The speedup is due to:

  1. Linear ideally packed aligned layout in memory
  2. Designed for easy compiler optimization
  3. Autovectorization to SSE or Neon instructions where available
  4. SSE / Neon intrinsics when CPU support is detected

New classes

FastArray_4f32

This is an array made up of 4 32bit floats, corresponding to the __m128 SSE type and float32x4_t in Neon. Instead of having a loop in gdscript and calling a function multiple times, instead here the math functions take a from and to argument to pass the array range to apply the function to. This can either be used for either full 4 float data types (e.g. Quat, Plane) or Vector3 operations.

FastArray_2f32

An array of pairs of 32bit floats, for use with e.g. Vector2. The functions are all ranged Vector2 equivalents.

FastArray_4i32

4 32bit integers.

Vec4_i32

Simple Vector4 integer class. Can be used for passing values to FastArray_4i32 or for your own use.

ToDo

I have started making optional SSE versions of the functions. There is CPU detection code to detect CPU caps at startup, and dynamic dispatch to the fastest path supported by the hardware.

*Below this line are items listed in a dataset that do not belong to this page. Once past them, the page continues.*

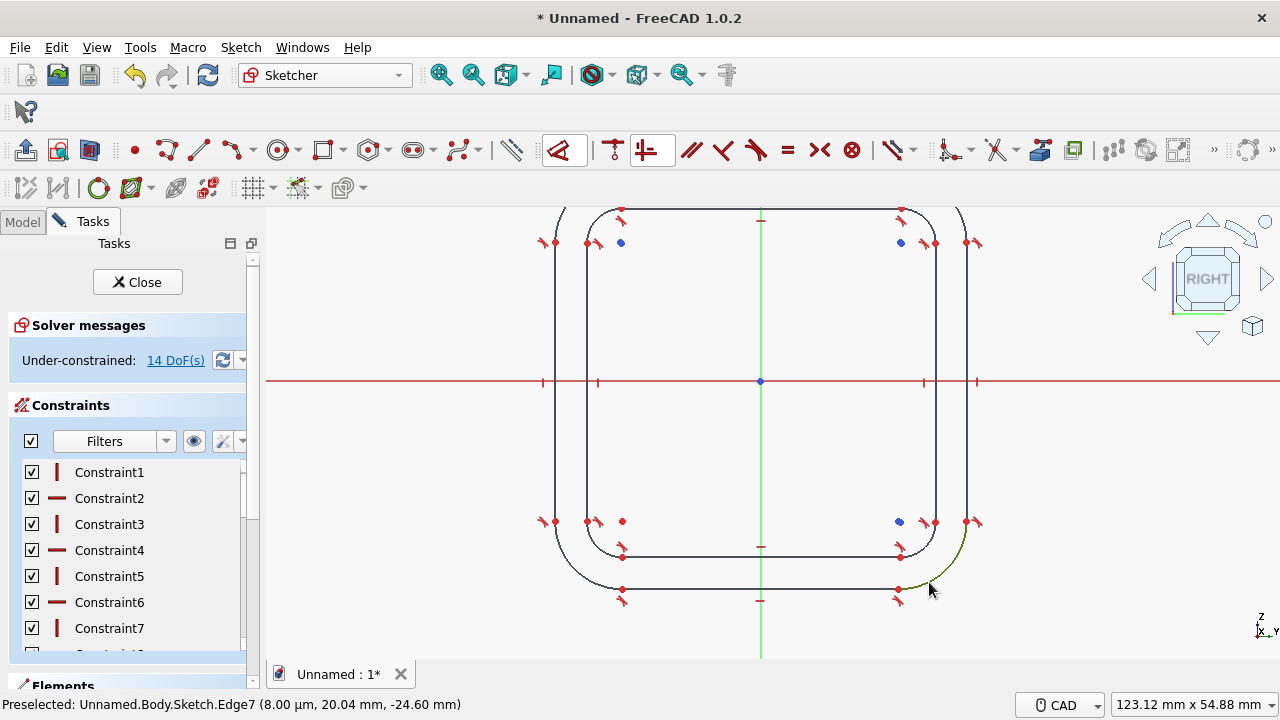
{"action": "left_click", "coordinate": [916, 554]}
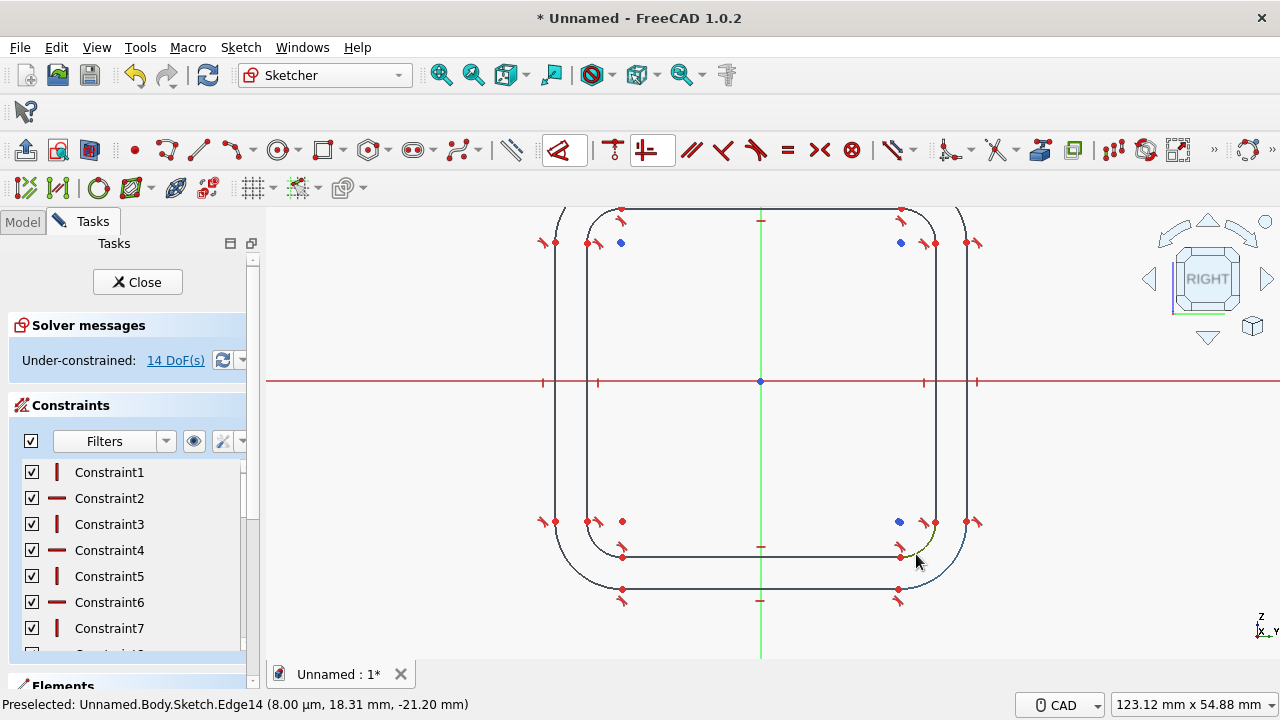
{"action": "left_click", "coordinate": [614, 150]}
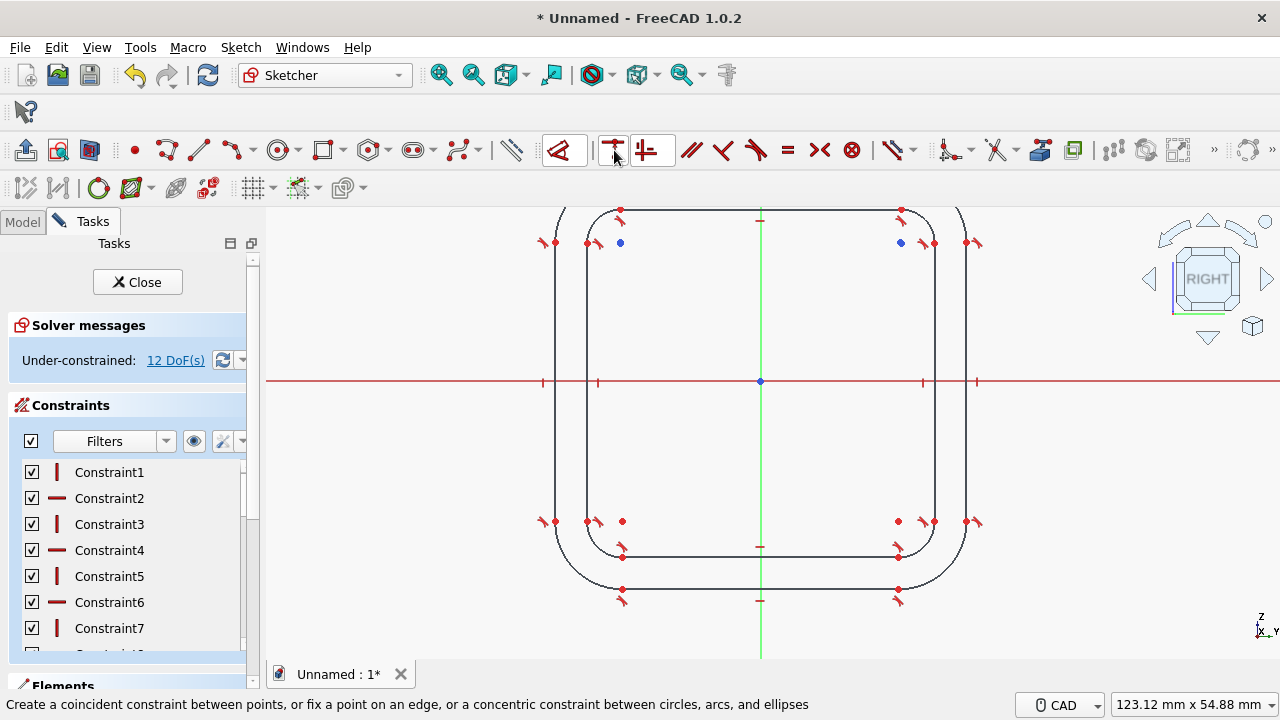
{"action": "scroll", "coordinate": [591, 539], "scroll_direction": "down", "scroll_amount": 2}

The SSE code can be compiled out by switching out defines.

The architecture specific code is compiled in separate translation units, with specific compiler flags set in the scons SCsub. This is to prevent higher version code being generated by the compiler and used in hardware that does not support it (which would cause a crash). This is indicated by the gcc docs and the technique used by google chrome.

See:

https://gcc.gnu.org/onlinedocs/gcc-4.5.3/gcc/i386-and-x86_002d64-Options.html https://randomascii.wordpress.com/2016/12/05/vc-archavx-option-unsafe-at-any-speed/

FastArray_4f32 Functions

Functions include:

  • read / writing elements and reserving array
  • read / writing as pool arrays
  • add, subtract, multiply, divide
  • sqrt, inverse sqrt, reciprocal
  • vec3: dot, cross, unit cross, normalize
  • vec3: length, length squared
  • vec3: xform, inverse xform

Example

const size = 5000000

func TestSIMD():

	# create SIMD array
	var arr = FastArray_4f32.new()
	arr.reserve(size)

	# fill
	for i in range (size):
		arr.write(i, Quat(1, 1, 1, 1))

	# perform ranged function (single instruction, multiple data)
	arr.value_add(Quat(1, 1, 1, 1), 0, size)

	# read
	var q : Quat
	for i in range (size):
		q = arr.read(i)
		# do something with q

FastArray_2f32 Functions

  • read / write, reserve
  • add, subtract, multiply, divide
  • sqrt, inverse sqrt, reciprocal
  • dot, cross, normalize
  • length, length squared

ToDo

  • Thread safety
  • Alignment
  • Strided generic versions of functions (for use on external arrays)

Notes

As yet some operations are difficult / impossible to autovectorize and require compiling without disabling intrinsics for maximum speed. These include sqrt, inverse sqrt and operations which depend on these.